Daft Punk: no longer harder, better, faster, stronger

Categories:  Music    The Arts
Wednesday, March 3rd, 2021 at 3:54 PM
Daft Punk: no longer harder, better, faster, stronger by Teddy Rankin
Graphic: Eric Johnson

On Feb. 22, Daft Punk shocked the music world by announcing the end of their career in a YouTube video, titled “Epilogue.” The duo's surprise announcement comes eight years after their last album, 2013’s “Random Access Memories,” and depicts the silver and gold robots assisting each other with self-destruction. Daft Punk had been progressing the artform of electronic music for nearly 30 years.

As a fan, this news was devastating and heartbreaking. Daft Punk was one of my favorite musical acts and transformed me into the audiophile I am today. I even focused my high school senior thesis on the group’s history and impact on music. Let us take a look back at Daft Punk’s influential career, which spanned from 1993 to 2021.

The early days

In 1980s Paris, the future robots, Thomas Bangalter and Guy-Manuel de Homem-Christo, formed a band with their friend Laurent Brancowitz. The group, called Darlin’ (named after The Beach Boys’ song of the same name), received a scathing review early on in their first attempt at professional music. The now infamous critique in Melody Maker Magazine referred to their sound as “a daft punky thrash.” Brancowitz went on to co-found the synth-pop band Phoenix, while Bangalter and de Homem-Christo leaned into the phrase and spent years cutting their teeth in Paris discotheques under the name Daft Punk.

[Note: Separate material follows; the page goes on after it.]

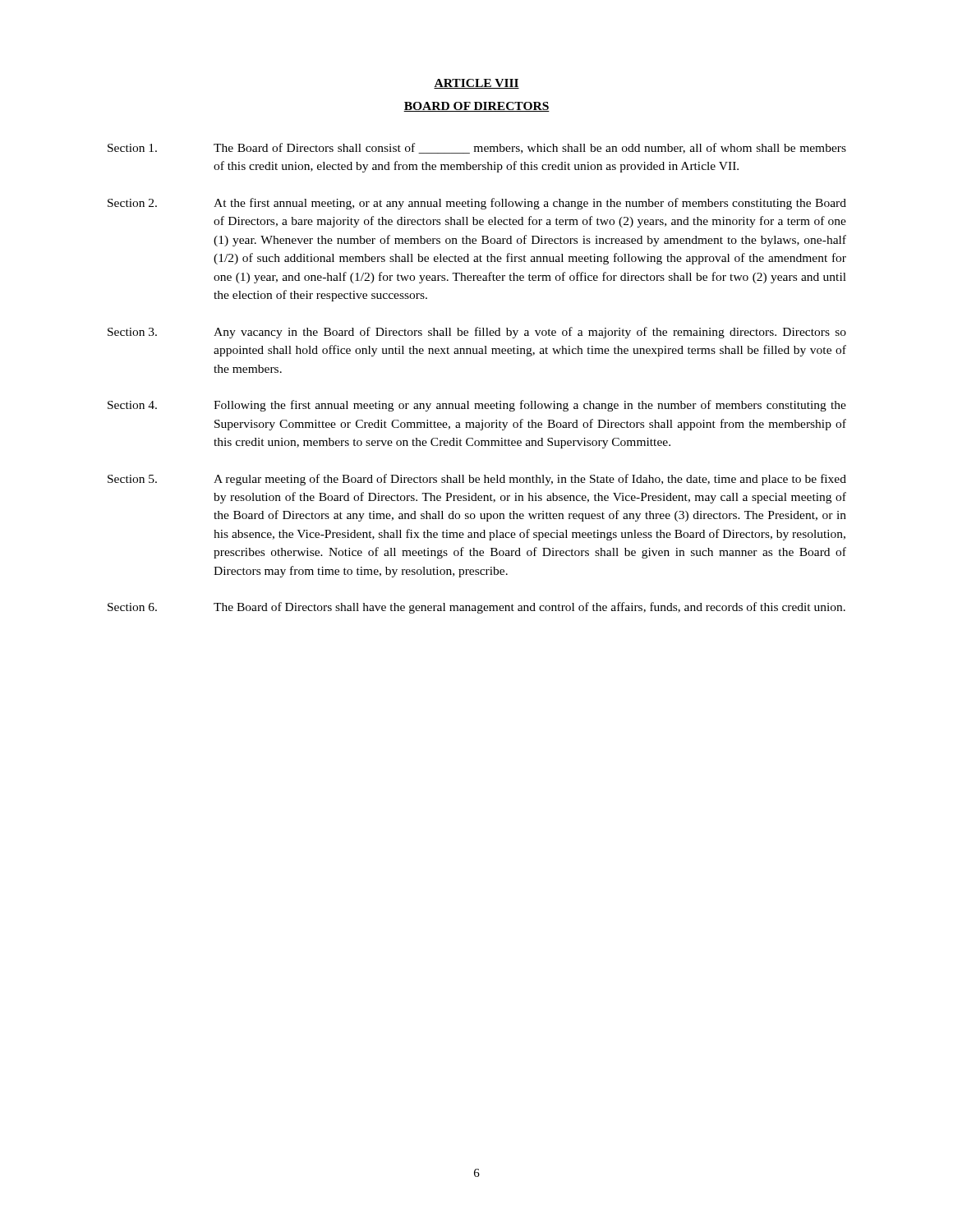Navigate to the region starting "Section 2. At the first annual"

pos(476,249)

What’s the deal with the helmets?

Daft Punk’s debut single, 1995’s “Da Funk,” was accompanied by a music video featuring a man in a realistic dog mask that was directed by Spike Jonze. The group had already taken to wearing disguises in public to avoid being recognized. Jonze later introduced the duo to Tony Gardner, a special effects designer known for his work on Michael Jackson’s “Thriller” and horror film “The Blob.” Gardner designed Daft Punk’s robot helmets, loosely based on the 1951 sci-fi movie “The Day the Earth Stood Still.” When asked why Daft Punk hides their faces, Bangalter once said, “We want the focus to be on the music. If we have to create an image, it must be an artificial image.” Since they first donned the helmets in 2001, they have never been professionally photographed without them.


Daft Punk’s first full length album, “Homework,” was released in 1997 and featured their breakout hit, “Around The World.” The seven-minute track became a fixture at dance clubs “around the world,” taking their act to the next level.

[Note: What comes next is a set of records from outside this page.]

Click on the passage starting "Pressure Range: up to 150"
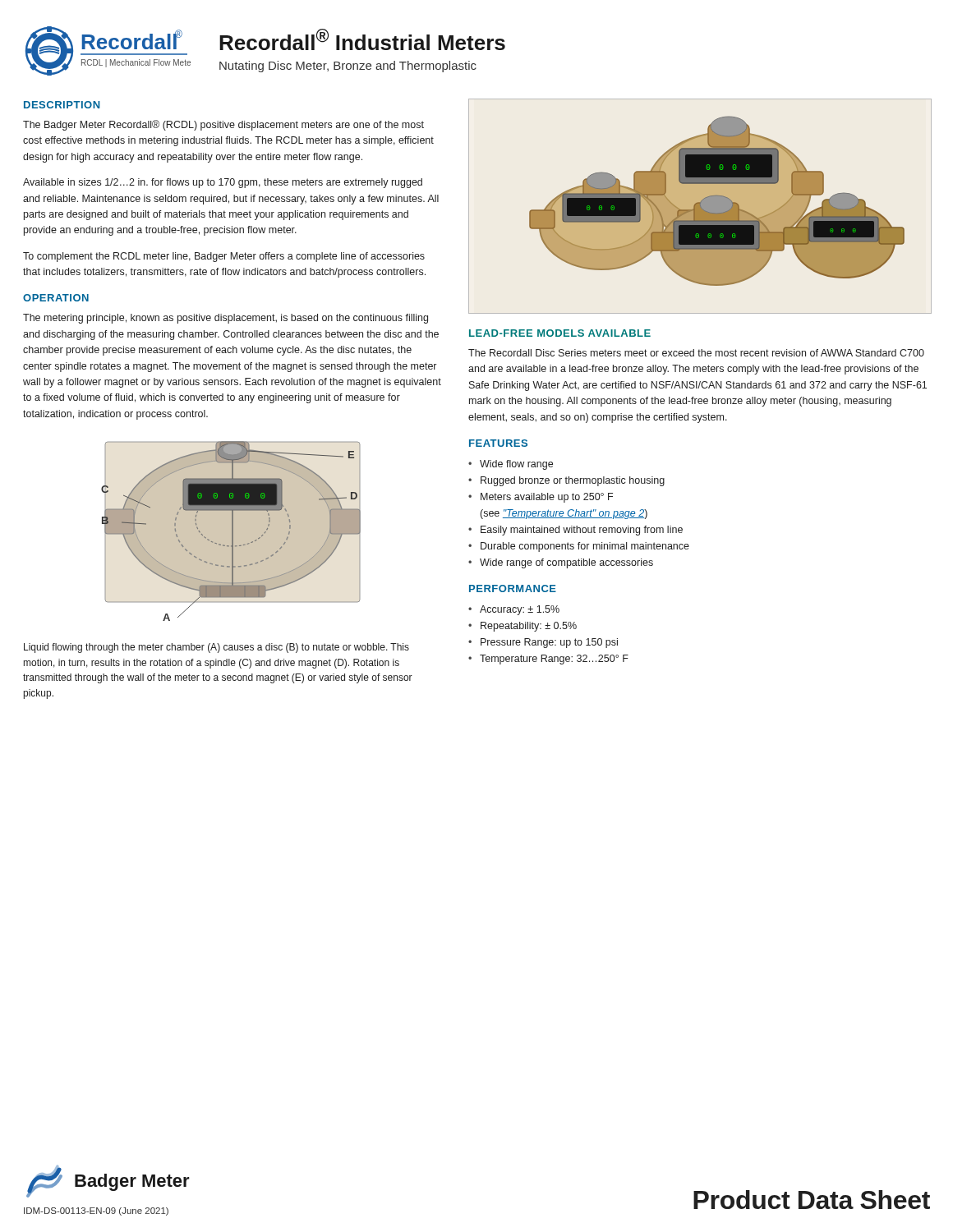Viewport: 953px width, 1232px height. click(549, 642)
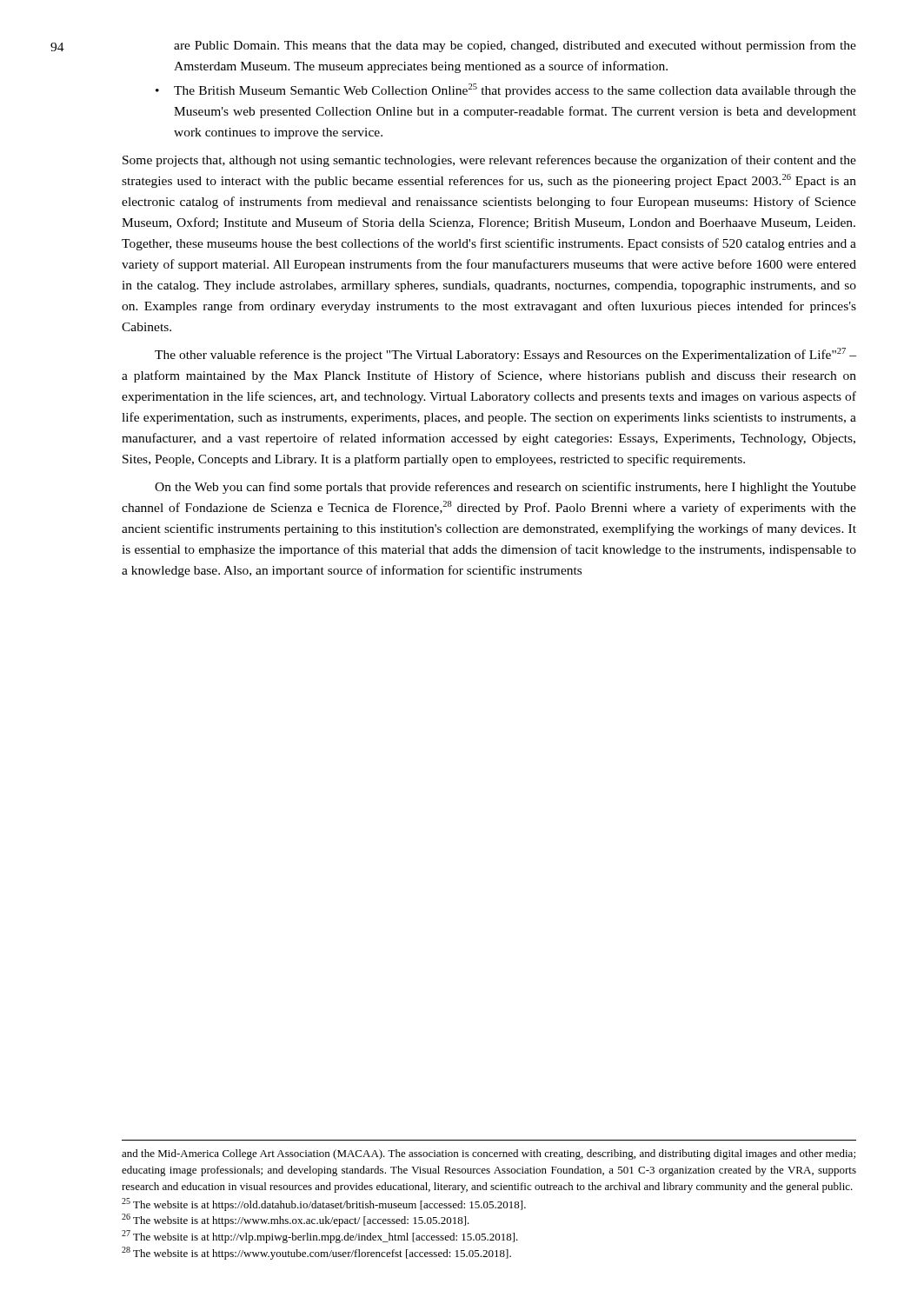The width and height of the screenshot is (924, 1304).
Task: Find the text block containing "The other valuable"
Action: tap(489, 406)
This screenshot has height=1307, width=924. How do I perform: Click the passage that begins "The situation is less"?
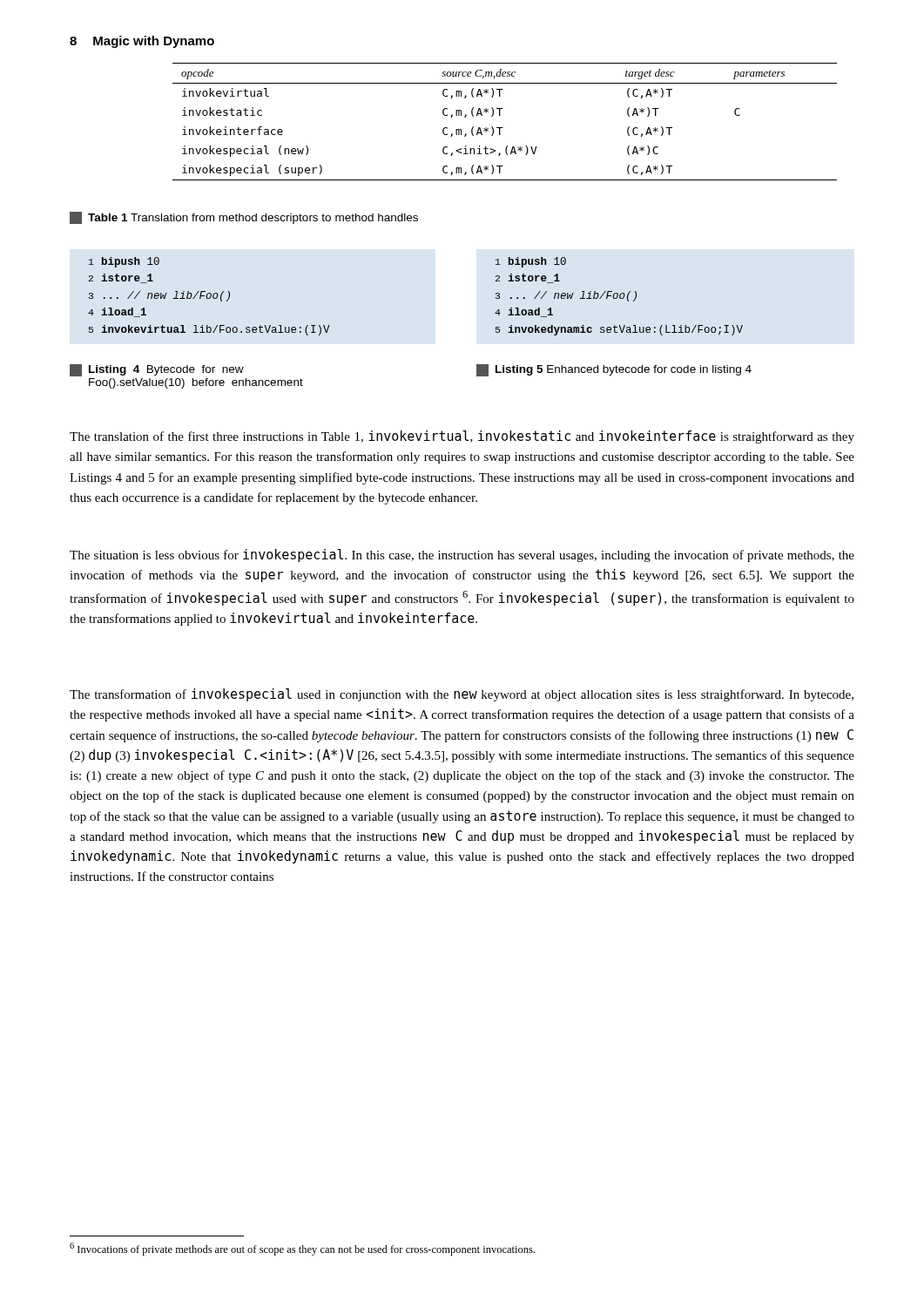tap(462, 587)

“Discovery,” released in 2001, introduced Daft Punk (and their new robot personas) to mainstream radio audiences with massive hits “One More Time” and “Harder, Better, Faster, Stronger.” The album explored the group’s roots in disco music with subtle wordplay (“Discovery” = disco very and “Veridis Quo'' = very disco). Daft Punk also paired “Discovery” with a full length animated movie called “Interstella 5555.”

In 2005, Daft Punk continued their reign of EDM success with “Human After All” and another film, “Electroma.” After this release, the duo began focusing on live performances and an ambitious live-instrument album that would become their final release and epic masterpiece.

“Random Access Memories” finally came to fruition in 2013 and its lead single, “Get Lucky,” immediately began dominating the airwaves. Daft Punk featured a plethora of legendary musicians on the album: Paul Williams, Nile Rodgers, Pharrell Williams, Julian Casablancas, and Giorgio Moroder, to name a few. “RAM” won four Grammy Awards in 2014, including “Album of the Year,” beating out Kendrick Lamar’s “good kid: m.A.A.d. city” and Taylor Swift’s “Red.”

Alongside their impressive catalog, Daft Punk also collaborated with other trendsetting artists to create some of the biggest hits of the millennium. Most casual listeners will probably recognize the gold and silver robots from Kanye West’s “Stronger,” which borrows the hook from “Harder, Better, Faster, Stronger,” but they may not know that Daft Punk also served as producers for the first three tracks on West’s 2013 album, “Yeezus.” Bangalter and de Homem-Christo also lent their skill to The Weeknd’s “Starboy” and “I Feel It Coming,” both of which were recently performed at the Super Bowl halftime show. Bangalter also has a producer credit on Arcade Fire’s “Everything Now.” Furthermore, the duo appeared in and provided the score for the 2010 film “Tron: Legacy.” 


For 28 years, Daft Punk pushed the envelope of what was possible in music production. Their recording techniques were often replicated and used in pop music until they came out with something new that restarted the cycle. Their decision to retire at this point leads me to suspect that Daft Punk discovered they had reached the extent of the possibilities of music recording. However, with such a rich history of press stunts and hidden messages, the door is still slightly open for a reunion. If that is in fact what they’re planning, the future music is sure to be unbelievable. But we should not hold our breath.

If this is truly the end of Daft Punk, they have left us with an incredible catalog of music and a refreshing glimpse of what success can look like without all the aspects of celebrity.